Challenging the notion that afterschool educators were just “babysitters,” this project built upon their funds of knowledge to inform school-day STEM learning through equity-oriented making. Our partnership began by identifying the types of inequities youth faced and how afterschool educators could address those inequities. Afterschool Making was seen as an opportunity to address inequity by welcoming youth perspectives, expertise, and culture in designing/building projects that offered multiple entry-points to learning STEM in ways that could positively impact youth’s lives.Our RPP sought to answer the following question: How can afterschool educators’ analyses of student learning support the development of a Making learning framework that informs connections between afterschool and in-school STEM education?

This study included participant observation (Erickson, 1998) of monthly meetings over 3 semesters during which researchers and afterschool educators jointly analyzed student learning data from informal programs. Data sources (audio recordings, photographs, fieldnotes, and interviews with formal/informal educators) were analyzed multiple times using a grounded theory approach to identify common codes, themes, and categories, as well as lines of contrast (Glaser & Strauss, 1967).
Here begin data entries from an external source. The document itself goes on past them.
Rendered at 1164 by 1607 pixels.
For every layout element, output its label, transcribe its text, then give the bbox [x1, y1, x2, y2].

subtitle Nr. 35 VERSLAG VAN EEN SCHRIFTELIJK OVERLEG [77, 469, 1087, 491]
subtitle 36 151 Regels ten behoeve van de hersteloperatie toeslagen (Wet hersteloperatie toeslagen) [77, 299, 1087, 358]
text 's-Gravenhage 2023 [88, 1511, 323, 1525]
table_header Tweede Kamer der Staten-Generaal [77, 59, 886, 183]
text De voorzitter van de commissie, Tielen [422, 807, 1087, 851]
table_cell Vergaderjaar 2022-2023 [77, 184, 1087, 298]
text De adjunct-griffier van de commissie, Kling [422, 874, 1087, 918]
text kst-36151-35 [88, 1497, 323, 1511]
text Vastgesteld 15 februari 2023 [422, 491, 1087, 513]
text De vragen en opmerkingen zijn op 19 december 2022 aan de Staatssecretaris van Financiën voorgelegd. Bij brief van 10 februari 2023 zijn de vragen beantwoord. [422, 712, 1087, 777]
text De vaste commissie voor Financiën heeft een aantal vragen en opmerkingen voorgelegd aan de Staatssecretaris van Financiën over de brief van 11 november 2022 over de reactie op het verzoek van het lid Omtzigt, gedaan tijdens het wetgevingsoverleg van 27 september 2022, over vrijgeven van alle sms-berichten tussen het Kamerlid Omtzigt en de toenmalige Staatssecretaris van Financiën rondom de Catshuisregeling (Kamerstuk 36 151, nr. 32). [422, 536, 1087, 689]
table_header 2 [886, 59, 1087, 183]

Results describe how informal and formal educators gained new perspectives about student learning through dialogue with one another. Afterschool educators created presentations analyzing informal student learning that were shared with in-school staff. The work of afterschool educators became newly visible to in-school staff, and afterschool educators reported an improved sense of pride and inspiration in their work. Differences in learning contexts between afterschool and in-school served as productive tensions through which to surface new ways of thinking about student learning across contexts. Such thinking informed the creation of a learning framework for understanding how learning through making can support STEM learning in school time. Building an RPP that centered on informal educators’ perspectives served as an important means for countering the power hierarchies that initially pushed them to the margins.